**DIRECTIONS FOR THIS TASK**
Nothing but the records themselves, exactly as written, should appear in the reply; leave out the pictures.

** Opening PROVIDED ENTRIES block **

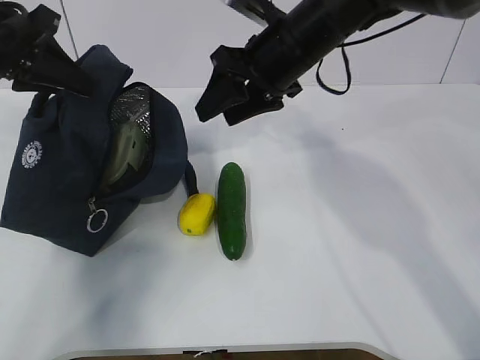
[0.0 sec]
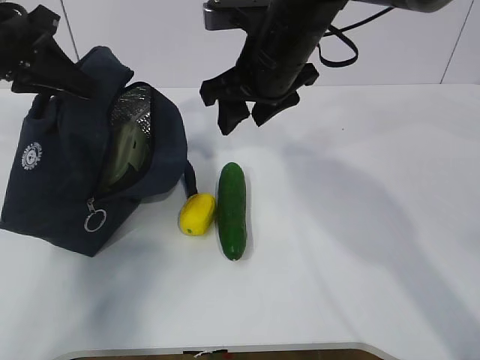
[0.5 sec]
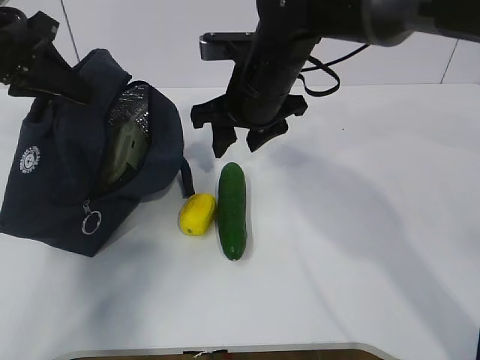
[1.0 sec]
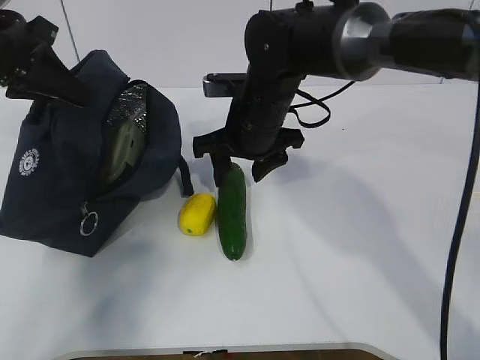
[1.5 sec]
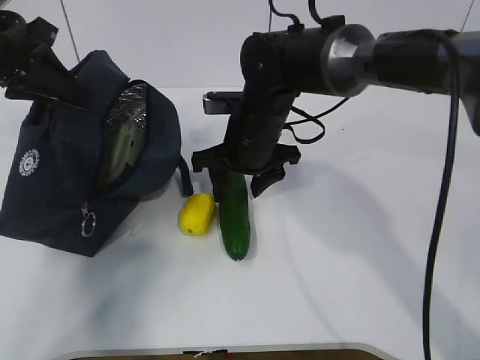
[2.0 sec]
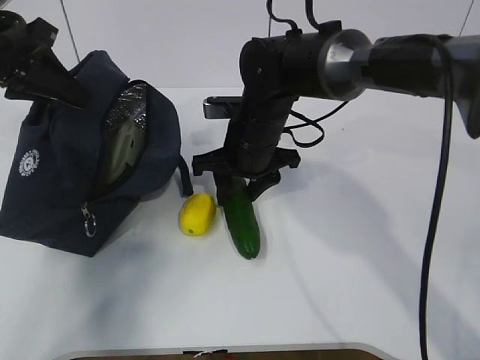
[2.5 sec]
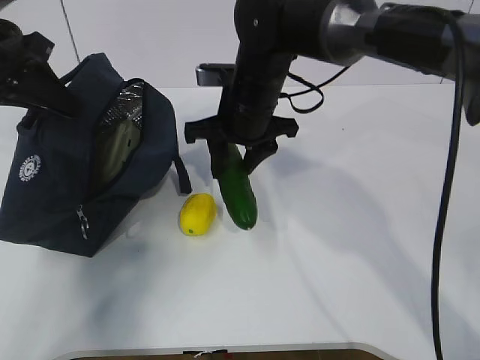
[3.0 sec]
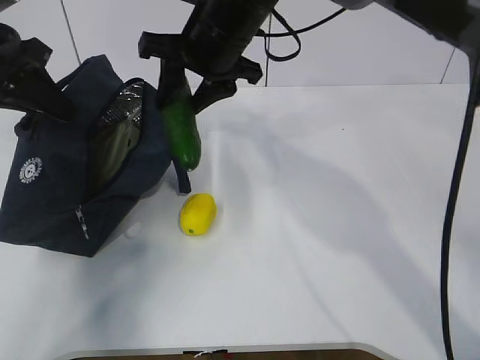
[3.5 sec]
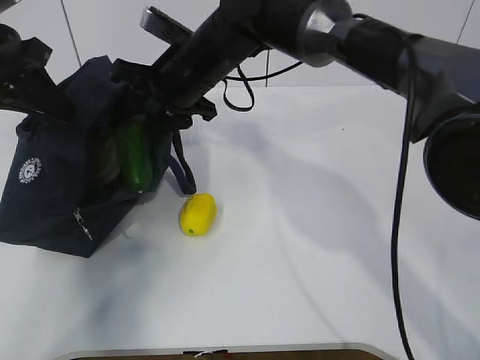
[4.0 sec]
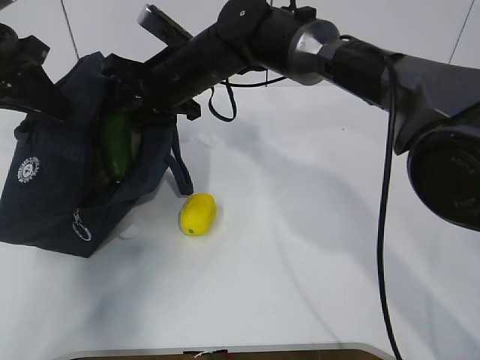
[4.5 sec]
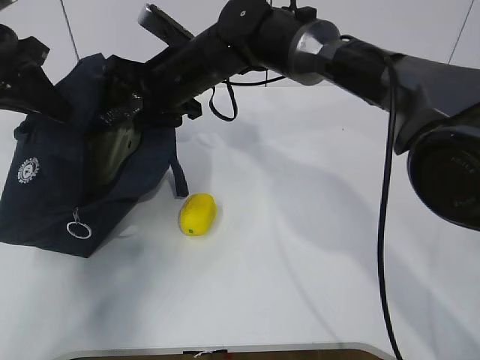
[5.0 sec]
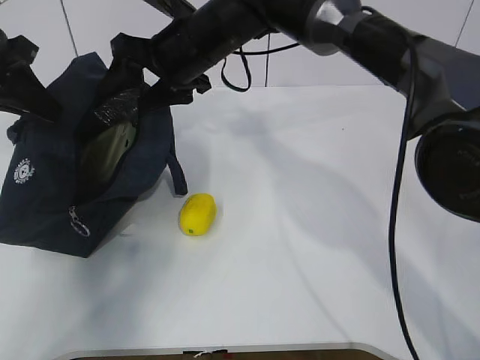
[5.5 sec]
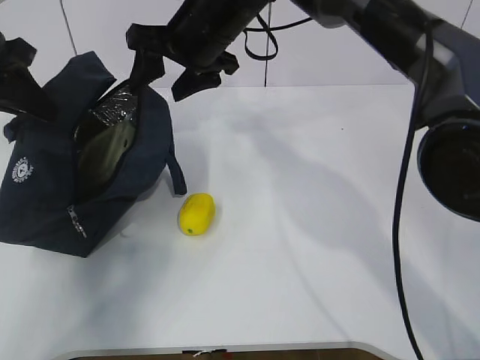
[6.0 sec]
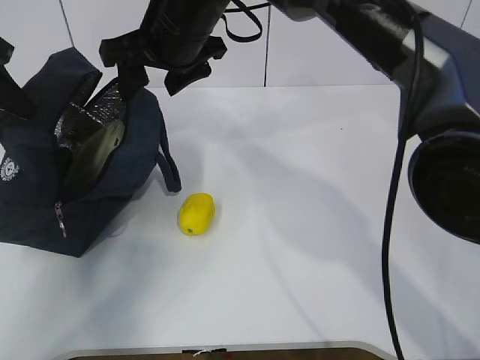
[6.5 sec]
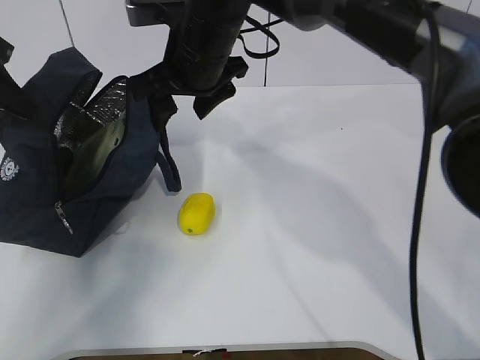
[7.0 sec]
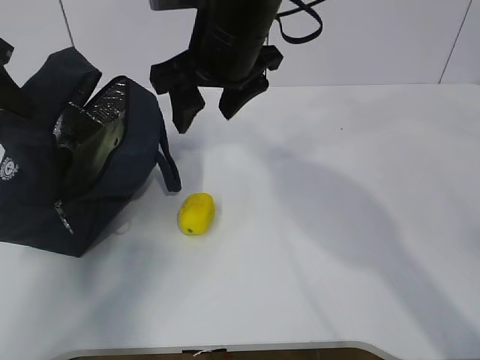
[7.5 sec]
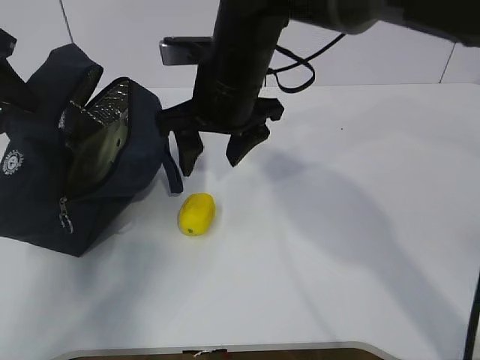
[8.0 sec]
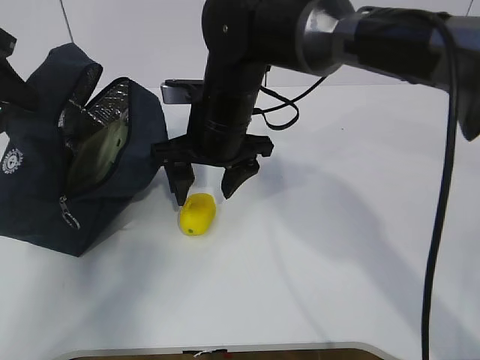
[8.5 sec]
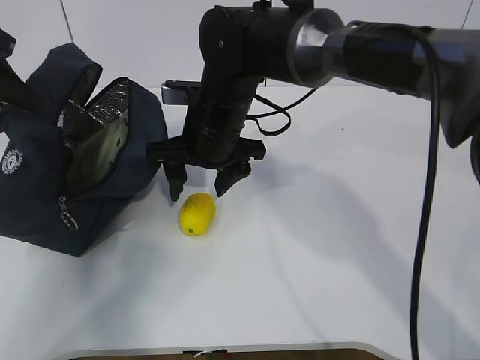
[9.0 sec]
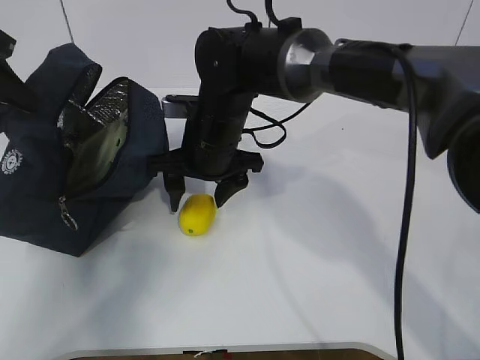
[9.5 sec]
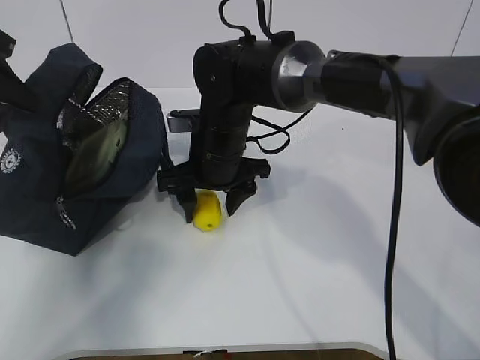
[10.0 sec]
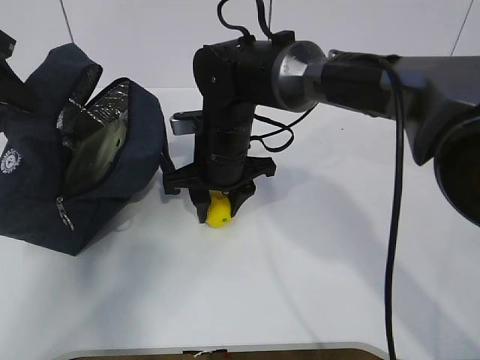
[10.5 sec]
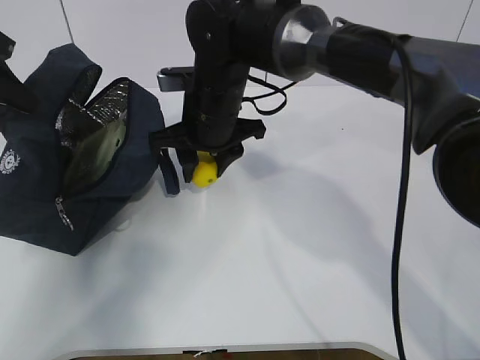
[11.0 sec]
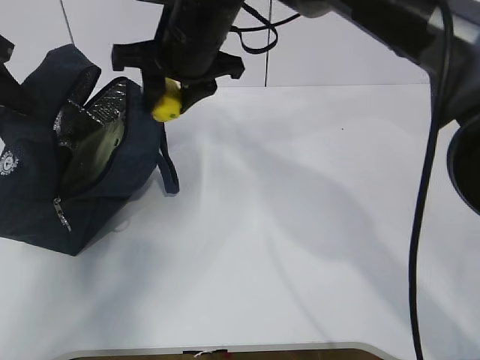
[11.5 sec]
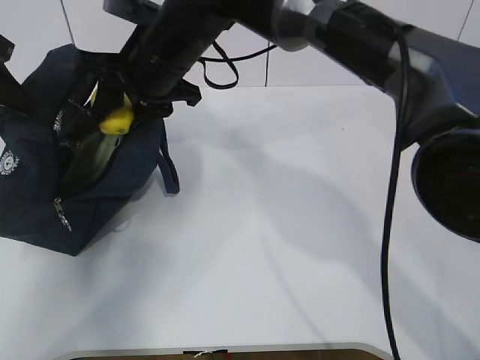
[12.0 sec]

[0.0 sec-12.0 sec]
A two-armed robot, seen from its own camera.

** Closing PROVIDED ENTRIES block **

**RESULT OF THIS TASK**
[0.0 sec]
[0.5 sec]
[1.0 sec]
[1.5 sec]
[2.0 sec]
[2.5 sec]
[3.0 sec]
[3.5 sec]
[4.0 sec]
[4.5 sec]
[5.0 sec]
[5.5 sec]
[6.0 sec]
[6.5 sec]
[7.0 sec]
[7.5 sec]
[8.0 sec]
[8.5 sec]
[9.0 sec]
[9.5 sec]
[10.0 sec]
[10.5 sec]
[11.0 sec]
[11.5 sec]
[12.0 sec]

[0.0 sec-12.0 sec]
A two-armed robot, seen from its own camera.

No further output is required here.